After testing for this review, one thing is clear in my mind – the performance of CPUs paired with a single GPU is hitting a limit. As games get more complex, those designing the graphics and physics engines know that shifting calculations onto the GPU gives a greater boost in performance. If an engine is written to take advantage of the GPU, then the CPU does not really matter for the most part. If you can transfer textures over to the GPU and keep them in memory, the work of the CPU is essentially done apart from light maintenance or interfacing with the network.

Perhaps a better test would have been with more mid-range GPUs, such as 660 Tis or 7790s; with limited memory on the GPU itself, having that faster CPU and faster DDR3 memory might make a big difference.
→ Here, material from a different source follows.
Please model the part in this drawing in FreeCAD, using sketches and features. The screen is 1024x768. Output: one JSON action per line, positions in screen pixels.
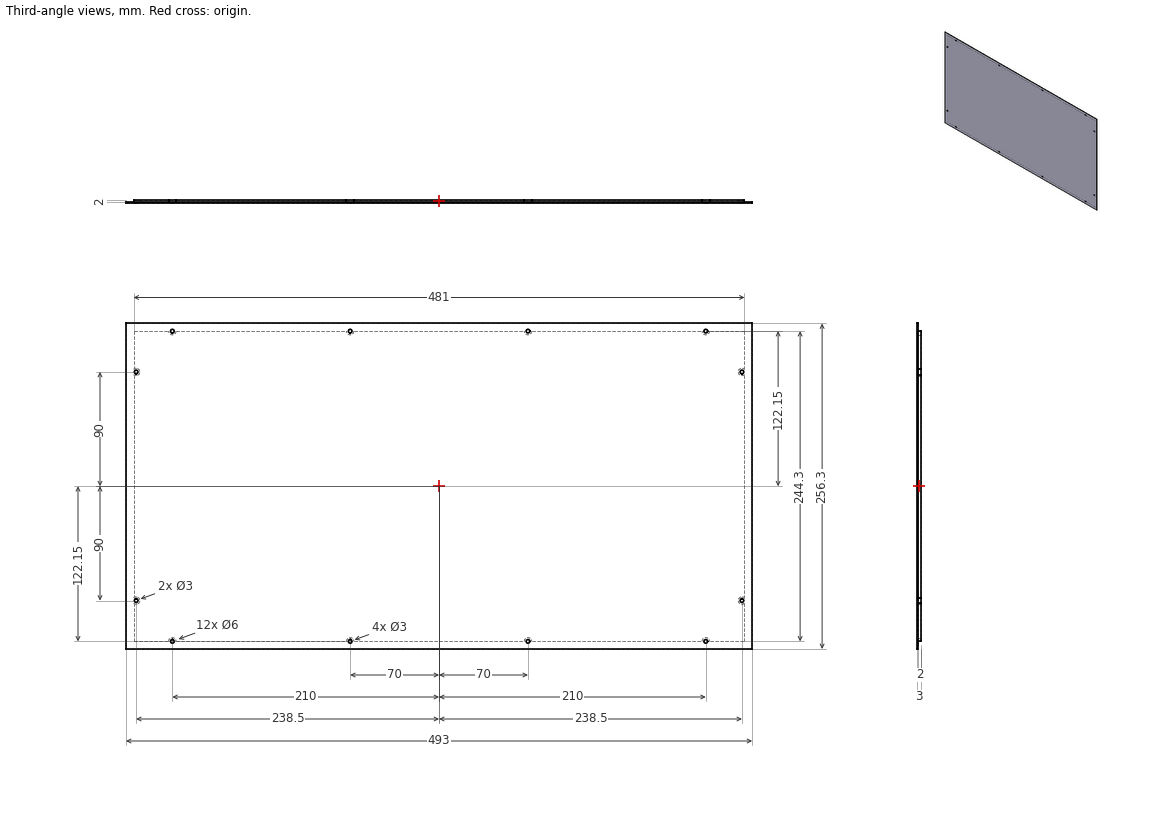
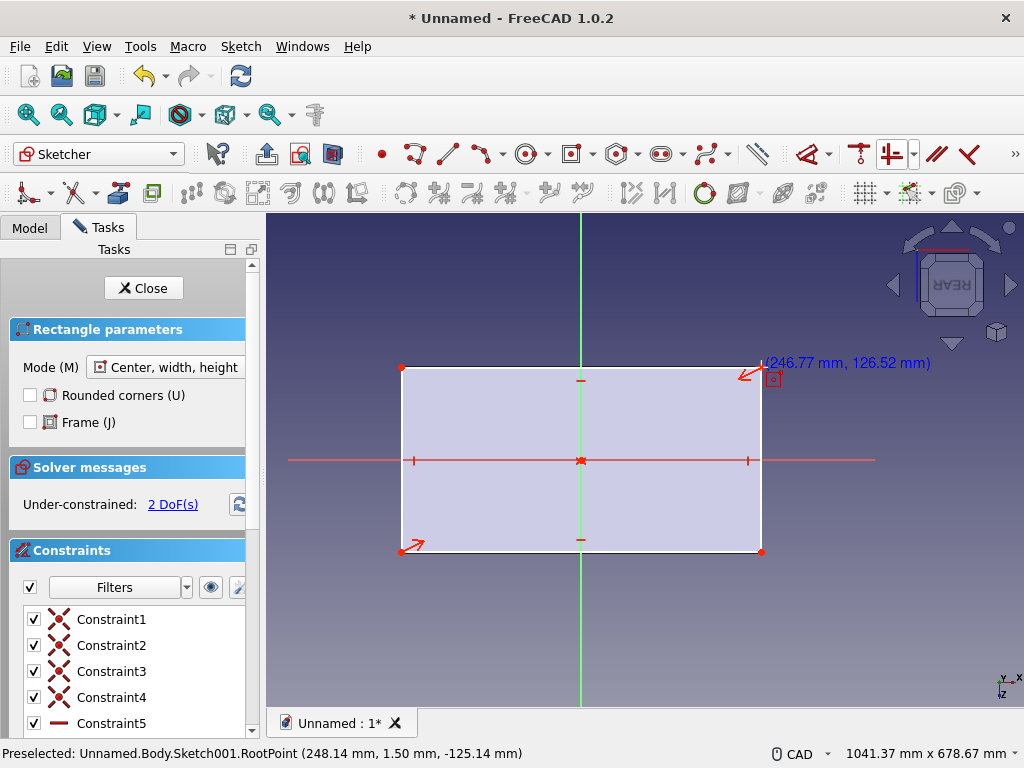
{"action": "left_click", "coordinate": [581, 460]}

However the ecosystem may be that a gamer can buy a good GPU and not have to worry that the CPU might be a bit underpowered. Unless you need the performance of a big CPU, the big GPU should be a main priority if it means the CPU is less of a concern at the higher GPU/resolutions.
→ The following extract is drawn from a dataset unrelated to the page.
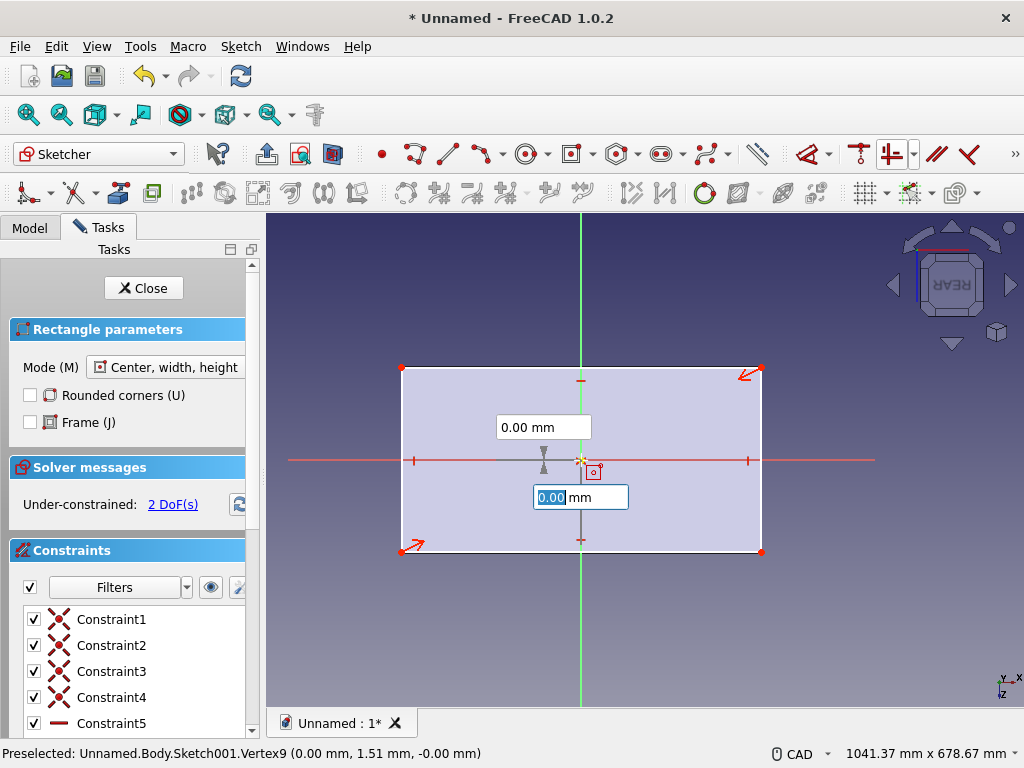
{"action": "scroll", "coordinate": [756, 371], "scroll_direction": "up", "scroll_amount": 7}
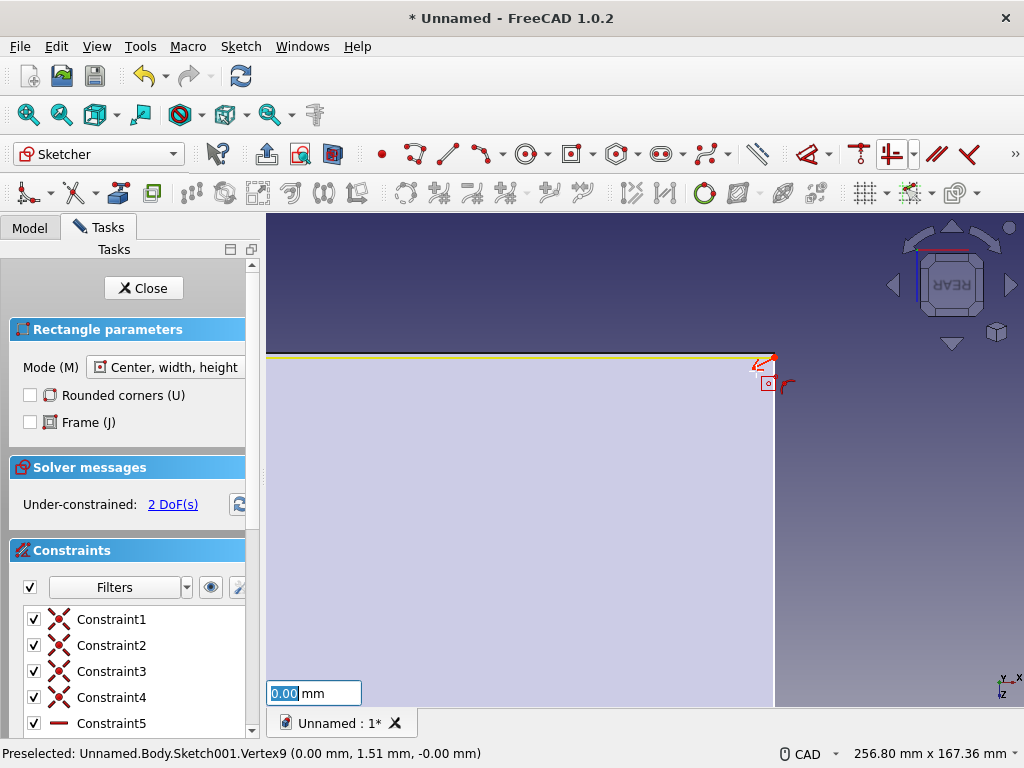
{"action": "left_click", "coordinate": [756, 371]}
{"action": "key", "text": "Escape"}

There is also scope for those using less powerful GPUs, such that the CPU could matter a lot more in this scenario. With limited memory, the CPU would have to organize more texture copies between the memory and the GPU, causing other aspects of the system to become the limiting factor. This is very important when interpreting our results. However, our results for our testing scenarios show several points worth noting.

Firstly, it is important to test both accurately, fairly, and with a good will. Choosing to perform a comparative test when misleading the audience by not understanding how it works underneath is a poor game to play. Leave the bias at home, let the results do the talking.

In three of our games, having a single GPU make almost no difference to what CPU performs the best. Civilization V was the sole exception, which also has issues scaling when you add more GPUs if you do not have the most expensive CPUs on the market. For Civilization V, I would suggest having only a single GPU and trying to get the best out of it.

In DiRT 3, Sleeping Dogs and Metro 2033, almost every CPU performed the same in a single GPU setup. Moving up the GPUs and DiRT 3 leaned towards PCIe 3.0 above two GPUs, Metro 2033 started to lean towards Intel CPUs and Sleeping Dogs needed CPU power when scaling up.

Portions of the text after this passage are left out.